FizzyOrange

joined 2 years ago
[–] FizzyOrange@programming.dev 3 points 6 hours ago

I know. Then they process those user agent strings to decide what OS it is. The question is why are they treating OSX and macOS as different OSes when they are the same? It was literally just a rebrand.

[–] FizzyOrange@programming.dev 2 points 6 hours ago

You shouldn’t be pulling an external project as a submodule, that’s just coupling yourself way way too tightly to external code.

You're no more tightly coupled than if you zip that repo up, and put it on an internal server. It's the exact same code you've just changed the distribution method.

And my whole point is that wouldn't be necessary if Git had a version of submodules that worked properly!

You guys seriously lack imagination.

[–] FizzyOrange@programming.dev 12 points 16 hours ago (1 children)

Also note the drop in Chrome OS mirrors the rise in Linux so I wouldn't rule out this just being user agent changes.

[–] FizzyOrange@programming.dev 5 points 16 hours ago (3 children)

Why do they even have two lines for OS X and macOS? It's the same thing.

[–] FizzyOrange@programming.dev 3 points 23 hours ago (1 children)

Misguided investment IMO. Smart glasses hardware is still at least a decade from being something that normal people would want.

Not my experience. More like 50% coding/debugging, 25% meetings, 25% admin/helping people/procrastinating.

Yes I'm aware where Git came from.

Large files don’t work with git, as it always stores the whole history on your drive.
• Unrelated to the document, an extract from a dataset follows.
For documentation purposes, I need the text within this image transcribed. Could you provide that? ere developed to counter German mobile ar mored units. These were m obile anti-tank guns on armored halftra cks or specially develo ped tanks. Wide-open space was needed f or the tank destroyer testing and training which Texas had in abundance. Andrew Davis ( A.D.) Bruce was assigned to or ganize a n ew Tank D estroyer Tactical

Not any more. That's only the default. Git supports sparse checkouts and blobless checkouts both of which only get a subset of a repo. And actually it has supported --depth for as long as I remember.
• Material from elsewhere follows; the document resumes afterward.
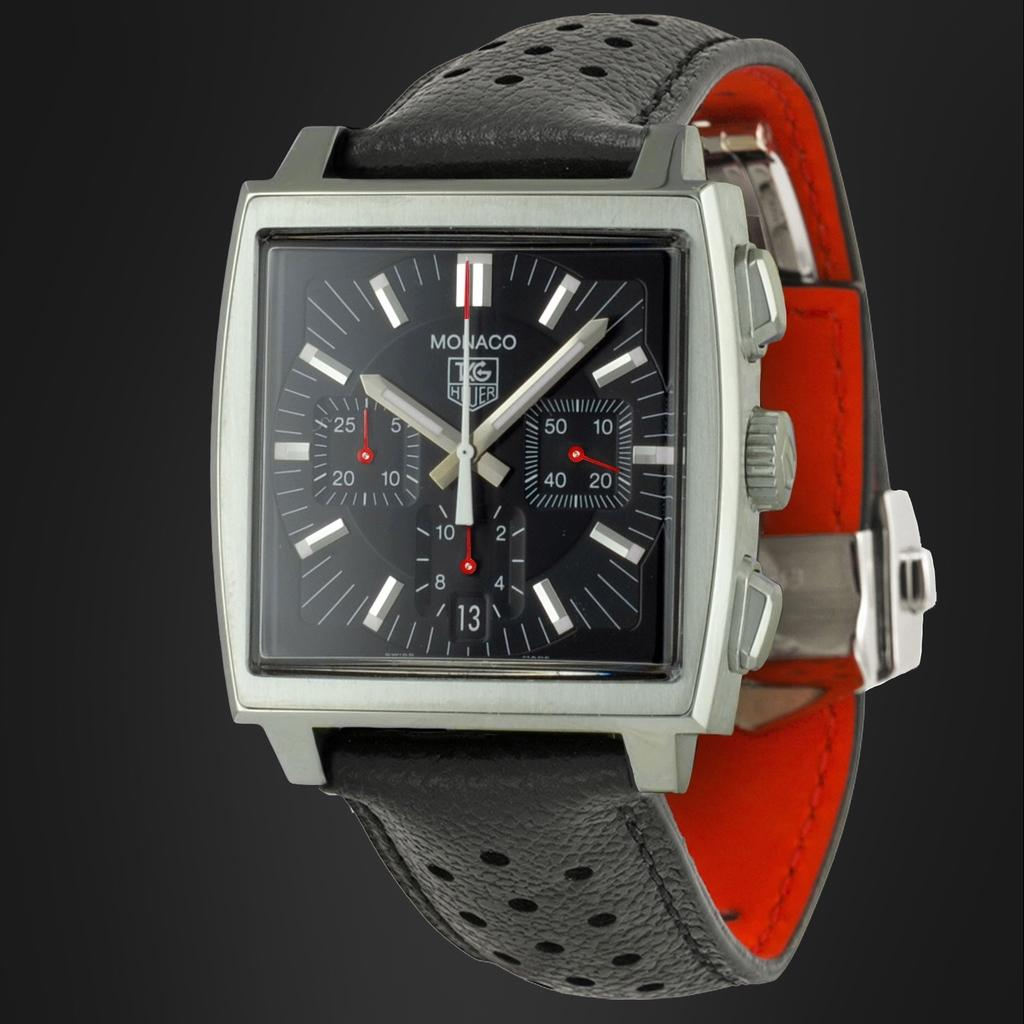<image>
Offer a succinct explanation of the picture presented. A Monaco watch in black and red shows the time.

[–] FizzyOrange@programming.dev 4 points 1 day ago* (last edited 6 hours ago) (2 children)

Libraries are not always a suitable solution. You just haven't worked on the same projects I have and you can't imagine all the things submodules are used for.

On top of that, I can't force all third party projects to turn their repos into nice easily installable packages. Especially if they're using a language that doesn't have a package manager.

So what? You can manually merge them. File locking is also a common solution (LFS supports that).

The level of "you're holding it wrong" here is insane.

That can work in some cases, but it's usually not that great for first party projects where you want to be able to see and edit the code, and most package managers are OS or language specific so they don't work well with multi-language project or projects using a language that doesn't have a good package manager (SystemVerilog for example).

People always say this, and I have seen it happen occasionally. But in practice when it happens it's usually fairly obvious and not that confusing (especially with git blame).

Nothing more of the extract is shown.